Over the past two months, you can’t listen to a newscast without hearing some new development about MH370. The missing plane has dominated headlines since it disappeared on March 8 and nearly two months later we are no closer to solving its mystery despite several false leads that have sprung up along the way. Here is a clip from CNN’s first week of coverage, which raises a large swath of questions (many of which are still unanswered):
This clip shows that from the beginning, CNN couldn’t decide what it wanted to focus it’s coverage around. There were too many questions being asked that diverted viewers’ attentions away from the real issue at hand. My sticking point with all of the coverage is that CNN and other media covering the plane can’t seem to convene around a central theme.

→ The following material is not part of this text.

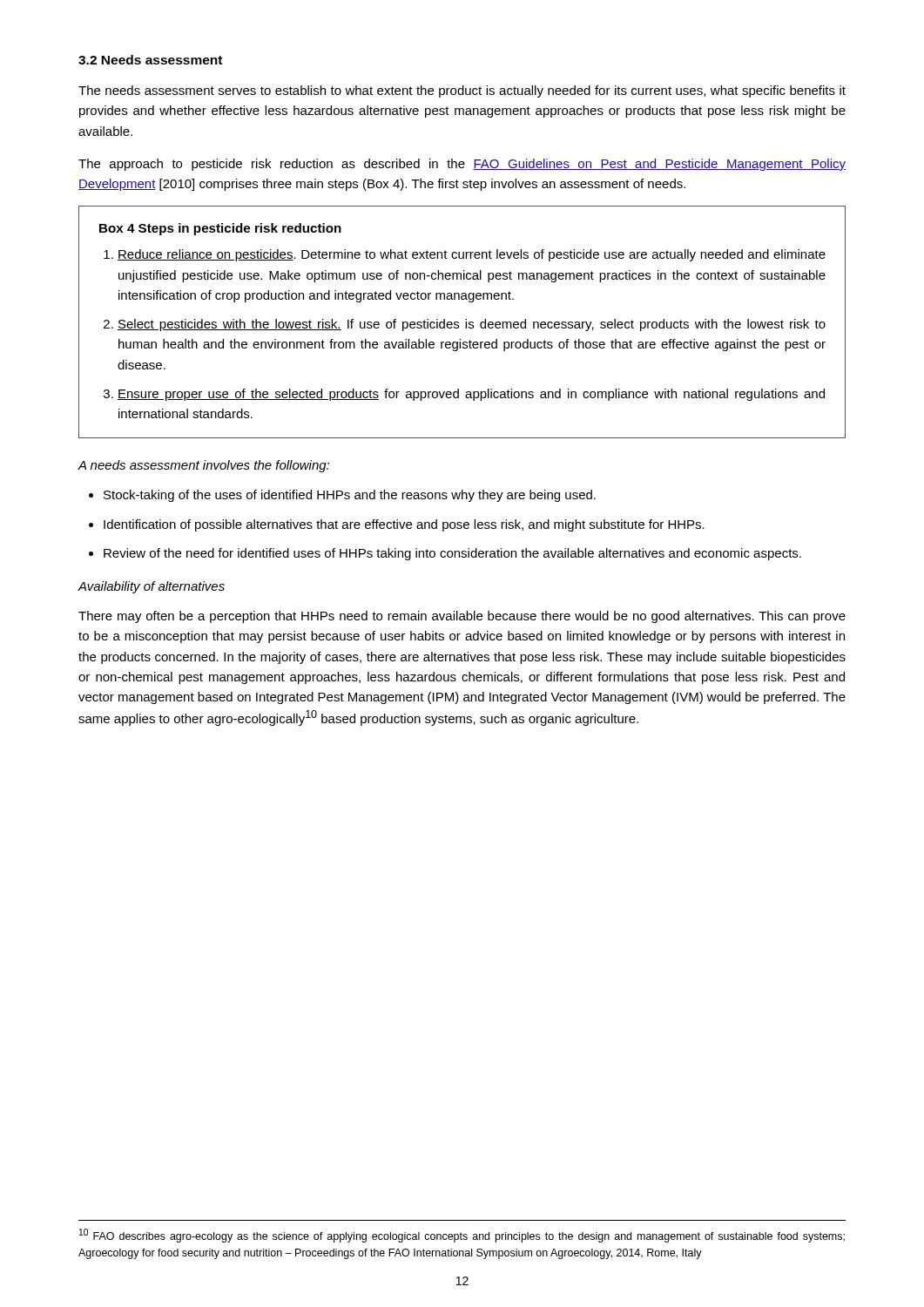Image resolution: width=924 pixels, height=1307 pixels.
Task: Click on the element starting "The approach to pesticide risk reduction as described"
Action: (x=462, y=173)

They wait for daily press conferences from Australia, which is where search efforts are based out of, and listen to what updates officials have to give.

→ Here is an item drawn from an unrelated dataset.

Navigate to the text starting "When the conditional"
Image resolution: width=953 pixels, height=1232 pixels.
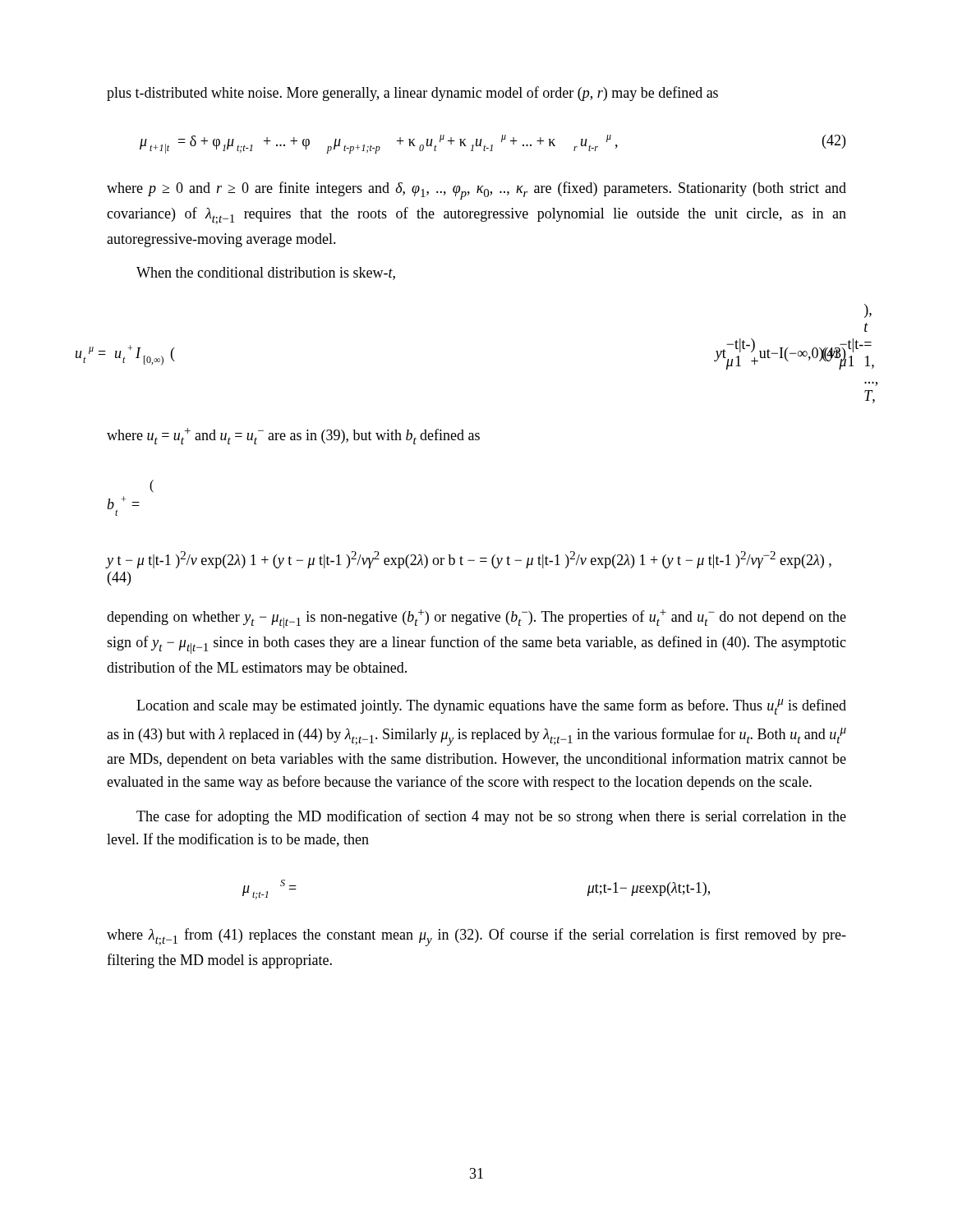pyautogui.click(x=266, y=273)

While the missing plane is a tragedy, regardless if by some miracle the passengers are still alive somewhere or if they are all deceased, the story isn’t about where this plane is or whether or not if was terrorism or mechanical failure. Of course the real story incorporates elements of both of these side stories, but the real story is how something like this could have happened in the first place.

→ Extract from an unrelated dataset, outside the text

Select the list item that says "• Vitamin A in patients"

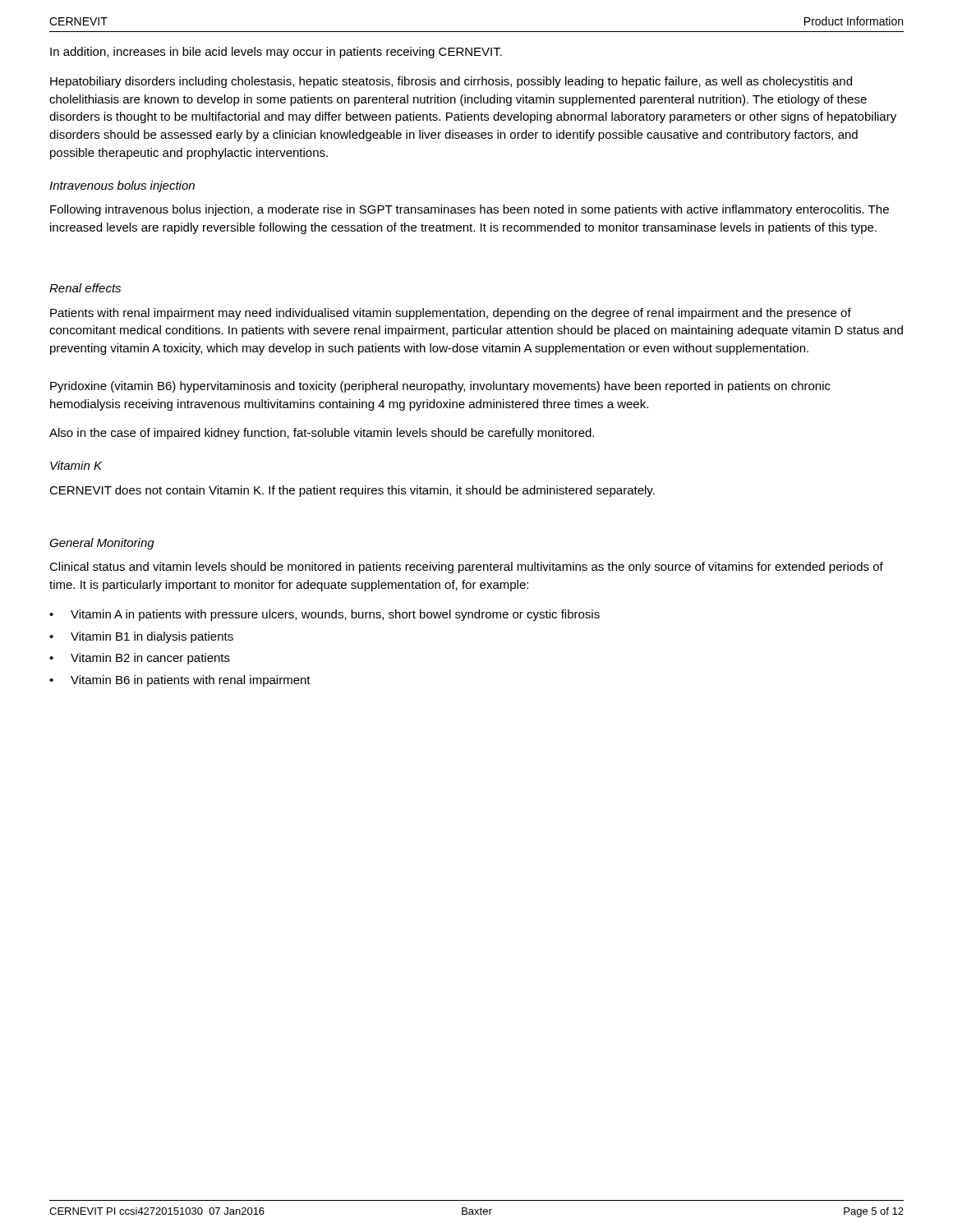tap(325, 614)

The plane is missing and regardless of whether it is ever found or not is not what the world should be focusing on. Of course saving lives is always a priority, but if there hasn’t been any sign of life in the past two months the chances are bleak for any survivors at this point.
The coverage of the plane should revolve around how something like this can happen and how it can be prevented in the future. How can we make security stronger? How can we make air travel safer and more secure? The media needs to stop waiting for the Australian government to tell it what to focus it’s coverage on and instead start asking the hard-hitting questions that will ensure that this plane did not disappear in vain and will help solve future aviation problems.